Scikit-learn is a free Python library dedicated to automatic learning. It is developed by many contributors, particularly in the academic world, by French institutes of higher education and research such as Inria and Télécom ParisTech.
The Scikit-Learn API is consistent:
- Estimators are objects used to estimate certain parameters based on a data set.
- The estimation is performed by the fit() method, to which only one data set is transmitted as a parameter in unsupervised learning, and two parameters in supervised one (the second one containing the labels)
- Any other parameter necessary to guide the estimation process is a hyperparameter defined as an instance variable, to be passed to the constructor.
- Transformers are estimators that can transform a dataset.
- This transformation is done, after a fit(), via the transform() method, which returns the transformed dataset.
- The fit_transform() method does both, sometimes in an optimized way.
- Predictors are estimators that can make predictions from a dataset (see the LinearRegression model).
- This is done using the predict() method, which returns the corresponding predictions from a new dataset.
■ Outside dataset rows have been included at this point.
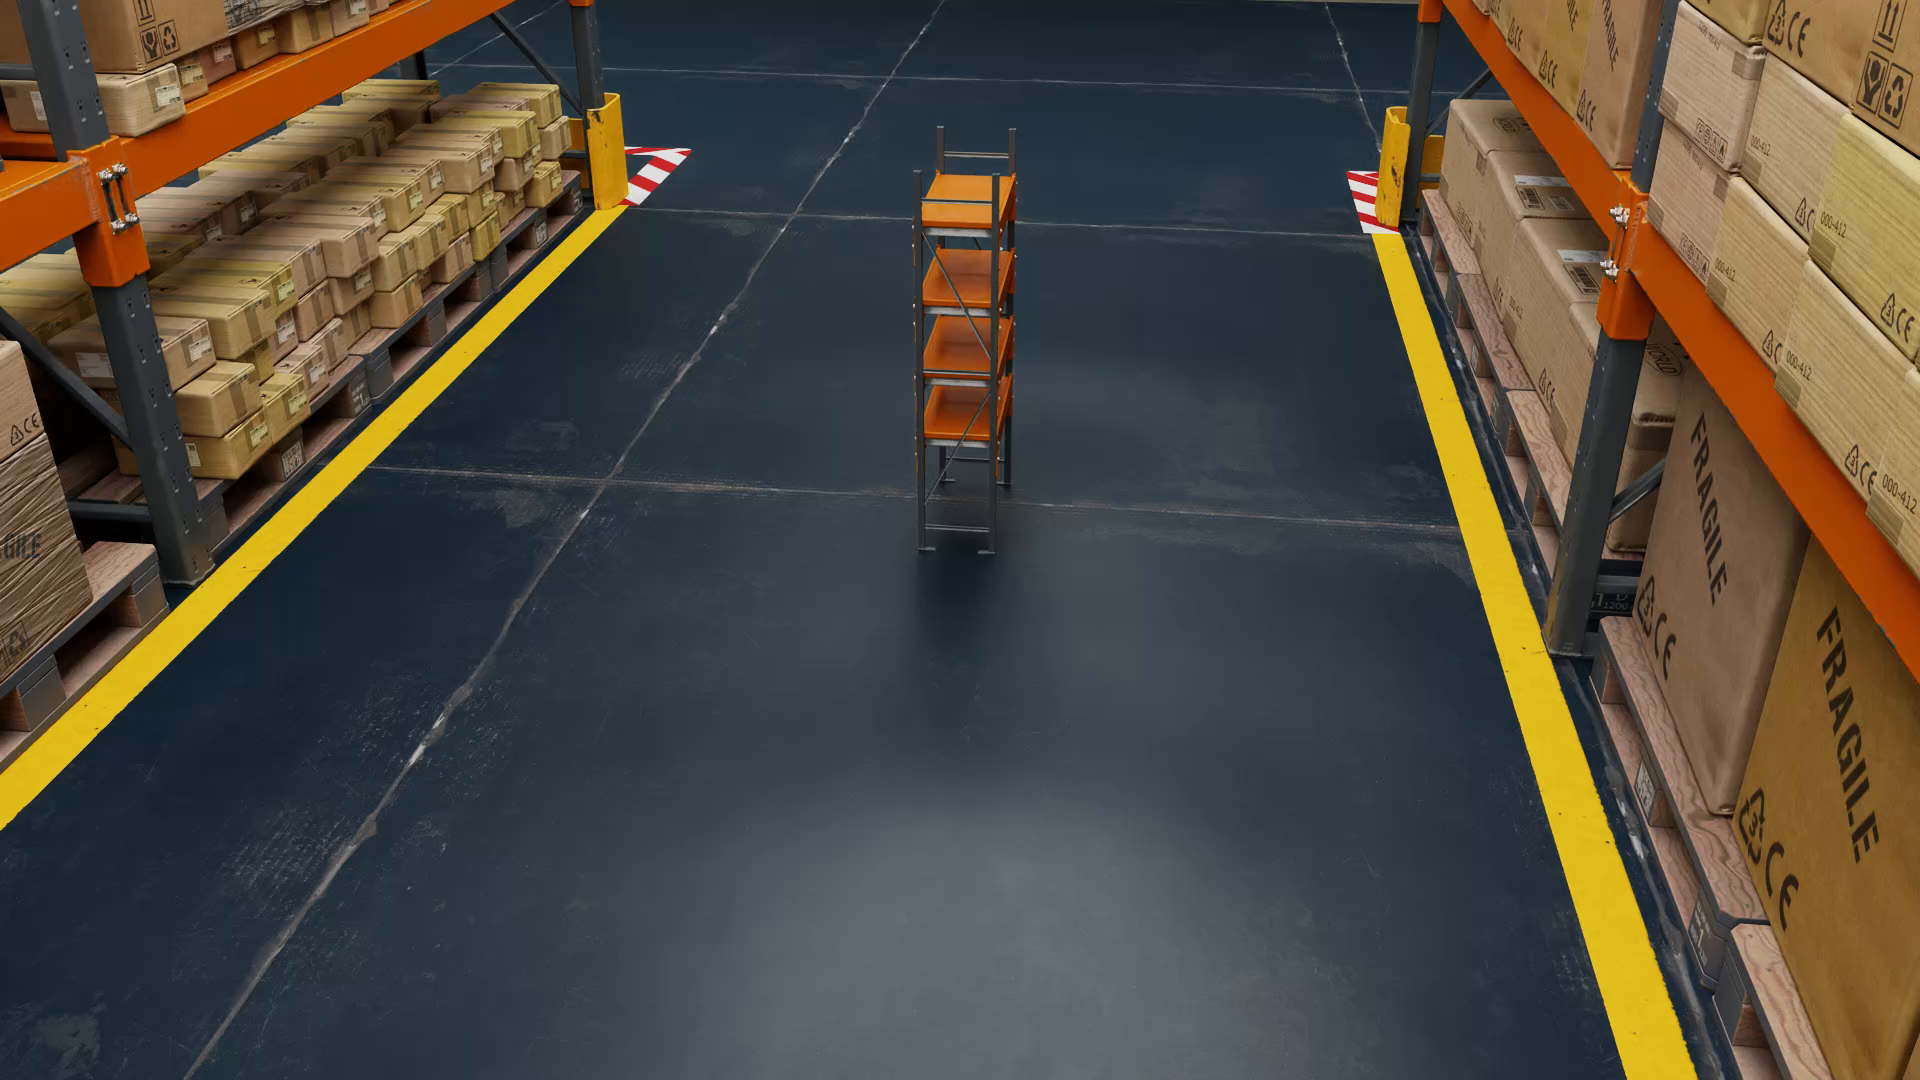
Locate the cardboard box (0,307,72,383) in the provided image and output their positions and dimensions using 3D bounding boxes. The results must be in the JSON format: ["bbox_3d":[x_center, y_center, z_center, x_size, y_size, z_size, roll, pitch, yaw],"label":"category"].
[{"bbox_3d":[-2.993,-0.607,5.150,0.380,0.149,0.250,4,29,8],"label":"cardboard box"}]

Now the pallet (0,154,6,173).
[{"bbox_3d":[-3.016,-0.797,3.769,1.003,0.211,1.213,3,28,6],"label":"pallet"}]

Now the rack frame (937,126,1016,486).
[{"bbox_3d":[0.050,-0.721,5.323,0.240,1.200,0.015,3,28,6],"label":"rack frame"}]

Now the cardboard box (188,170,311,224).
[{"bbox_3d":[-2.767,-1.336,6.503,0.380,0.149,0.250,3,29,6],"label":"cardboard box"}]

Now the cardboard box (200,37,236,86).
[{"bbox_3d":[-2.480,-1.491,5.120,0.380,0.149,0.250,2,28,4],"label":"cardboard box"}]

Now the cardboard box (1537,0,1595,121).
[{"bbox_3d":[2.008,-1.513,4.789,0.500,0.500,0.500,3,28,5],"label":"cardboard box"}]

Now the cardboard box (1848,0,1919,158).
[{"bbox_3d":[1.709,-0.810,2.430,0.500,0.500,0.500,3,28,5],"label":"cardboard box"}]

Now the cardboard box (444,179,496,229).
[{"bbox_3d":[-2.182,-1.422,6.977,0.380,0.149,0.250,4,29,7],"label":"cardboard box"}]

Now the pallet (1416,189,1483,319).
[{"bbox_3d":[2.617,-1.267,7.380,1.003,0.211,1.213,3,28,6],"label":"pallet"}]

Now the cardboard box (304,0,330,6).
[{"bbox_3d":[-2.316,-2.095,5.556,0.500,0.500,0.500,3,28,5],"label":"cardboard box"}]

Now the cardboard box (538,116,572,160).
[{"bbox_3d":[-2.069,-1.912,7.885,0.380,0.149,0.250,3,28,5],"label":"cardboard box"}]

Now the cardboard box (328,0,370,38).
[{"bbox_3d":[-2.305,-1.859,5.804,0.380,0.149,0.250,5,29,8],"label":"cardboard box"}]

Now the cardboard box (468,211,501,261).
[{"bbox_3d":[-2.180,-1.299,7.061,0.380,0.149,0.250,2,28,4],"label":"cardboard box"}]

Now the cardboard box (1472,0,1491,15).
[{"bbox_3d":[2.179,-2.232,6.126,0.500,0.500,0.500,3,28,6],"label":"cardboard box"}]

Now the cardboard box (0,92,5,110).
[{"bbox_3d":[-2.975,-1.270,4.710,0.380,0.149,0.250,3,28,6],"label":"cardboard box"}]

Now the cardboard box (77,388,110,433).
[{"bbox_3d":[-2.953,-0.485,5.550,0.380,0.149,0.250,4,29,8],"label":"cardboard box"}]

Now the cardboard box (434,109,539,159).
[{"bbox_3d":[-2.095,-1.799,7.363,0.380,0.149,0.250,3,28,5],"label":"cardboard box"}]

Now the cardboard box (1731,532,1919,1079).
[{"bbox_3d":[2.048,0.480,2.994,0.875,0.875,0.875,4,29,8],"label":"cardboard box"}]

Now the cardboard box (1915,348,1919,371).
[{"bbox_3d":[1.629,-0.235,2.155,0.500,0.250,0.500,3,28,5],"label":"cardboard box"}]

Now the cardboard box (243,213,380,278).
[{"bbox_3d":[-2.334,-1.062,5.994,0.380,0.149,0.250,4,29,7],"label":"cardboard box"}]

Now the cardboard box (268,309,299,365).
[{"bbox_3d":[-2.480,-0.687,5.612,0.380,0.149,0.250,3,28,6],"label":"cardboard box"}]

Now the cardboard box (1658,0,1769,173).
[{"bbox_3d":[1.813,-0.956,3.493,0.500,0.250,0.500,3,28,5],"label":"cardboard box"}]

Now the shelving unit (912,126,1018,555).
[{"bbox_3d":[0.020,-0.606,5.110,0.258,1.200,0.503,3,28,6],"label":"shelving unit"}]

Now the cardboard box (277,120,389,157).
[{"bbox_3d":[-2.710,-1.711,7.199,0.380,0.149,0.250,2,28,4],"label":"cardboard box"}]

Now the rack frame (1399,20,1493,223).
[{"bbox_3d":[2.637,-2.876,7.425,1.000,3.000,0.127,3,28,6],"label":"rack frame"}]

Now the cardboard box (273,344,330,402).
[{"bbox_3d":[-2.403,-0.561,5.691,0.380,0.149,0.250,3,28,6],"label":"cardboard box"}]

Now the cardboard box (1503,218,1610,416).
[{"bbox_3d":[2.440,-0.760,5.758,0.875,0.438,0.875,3,28,5],"label":"cardboard box"}]

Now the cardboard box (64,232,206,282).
[{"bbox_3d":[-2.868,-0.965,5.814,0.380,0.149,0.250,4,29,8],"label":"cardboard box"}]

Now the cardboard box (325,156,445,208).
[{"bbox_3d":[-2.309,-1.434,6.685,0.380,0.149,0.250,2,28,4],"label":"cardboard box"}]

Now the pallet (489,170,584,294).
[{"bbox_3d":[-2.432,-1.472,7.760,1.003,0.211,1.213,3,28,6],"label":"pallet"}]

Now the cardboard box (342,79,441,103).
[{"bbox_3d":[-2.689,-2.081,7.885,0.380,0.149,0.250,2,28,4],"label":"cardboard box"}]

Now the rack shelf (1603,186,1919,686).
[{"bbox_3d":[1.902,0.265,2.353,1.077,0.370,4.000,3,28,6],"label":"rack shelf"}]

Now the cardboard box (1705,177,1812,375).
[{"bbox_3d":[1.769,-0.491,3.158,0.500,0.250,0.500,3,28,5],"label":"cardboard box"}]

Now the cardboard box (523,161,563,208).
[{"bbox_3d":[-2.076,-1.659,7.729,0.380,0.149,0.250,4,29,8],"label":"cardboard box"}]

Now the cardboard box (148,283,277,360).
[{"bbox_3d":[-2.437,-0.701,5.324,0.380,0.149,0.250,5,29,9],"label":"cardboard box"}]

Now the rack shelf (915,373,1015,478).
[{"bbox_3d":[0.020,-0.372,5.236,0.258,0.148,0.480,3,28,6],"label":"rack shelf"}]

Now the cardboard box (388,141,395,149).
[{"bbox_3d":[-2.638,-1.699,7.490,0.380,0.149,0.250,4,29,7],"label":"cardboard box"}]

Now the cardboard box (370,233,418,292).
[{"bbox_3d":[-2.293,-1.057,6.299,0.380,0.149,0.250,3,28,6],"label":"cardboard box"}]

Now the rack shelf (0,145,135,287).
[{"bbox_3d":[-3.023,0.025,2.799,1.077,0.370,4.000,3,28,6],"label":"rack shelf"}]

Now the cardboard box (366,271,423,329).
[{"bbox_3d":[-2.296,-0.929,6.374,0.380,0.149,0.250,3,28,5],"label":"cardboard box"}]

- A predictor also has a score() method, which uses a test set (and labels, in the supervised case) to measure the quality of predictions.
All the hyperparameters of an estimator are accessible, and all the parameters learned by the latter (via public instance variables terminated by a low dash).
Data sets are represented as numpy arrays or scipy sparce matrices. Hyperparameters are strings of characters or common python numbers: sklearn does not use exotic classes.
Finally, Scikit-Learn provides reasonable default values for most parameters, allowing you to easily and quickly create an operational basic system.